• PROVIDED MATERIAL:
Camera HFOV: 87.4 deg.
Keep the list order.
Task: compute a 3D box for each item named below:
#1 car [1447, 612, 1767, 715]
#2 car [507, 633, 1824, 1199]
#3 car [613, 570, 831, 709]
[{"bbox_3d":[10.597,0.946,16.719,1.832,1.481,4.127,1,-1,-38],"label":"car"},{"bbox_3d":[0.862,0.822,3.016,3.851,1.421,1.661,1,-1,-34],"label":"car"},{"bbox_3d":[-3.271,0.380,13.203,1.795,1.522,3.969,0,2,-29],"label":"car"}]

• TASK: The material must be duplicated in full, with each line kept exact.

• ANSWER BOX:
Camera HFOV: 87.4 deg.
Keep the list order.
Task: compute a 3D box for each item named below:
#1 car [1447, 612, 1767, 715]
#2 car [507, 633, 1824, 1199]
#3 car [613, 570, 831, 709]
[{"bbox_3d":[10.597,0.946,16.719,1.832,1.481,4.127,1,-1,-38],"label":"car"},{"bbox_3d":[0.862,0.822,3.016,3.851,1.421,1.661,1,-1,-34],"label":"car"},{"bbox_3d":[-3.271,0.380,13.203,1.795,1.522,3.969,0,2,-29],"label":"car"}]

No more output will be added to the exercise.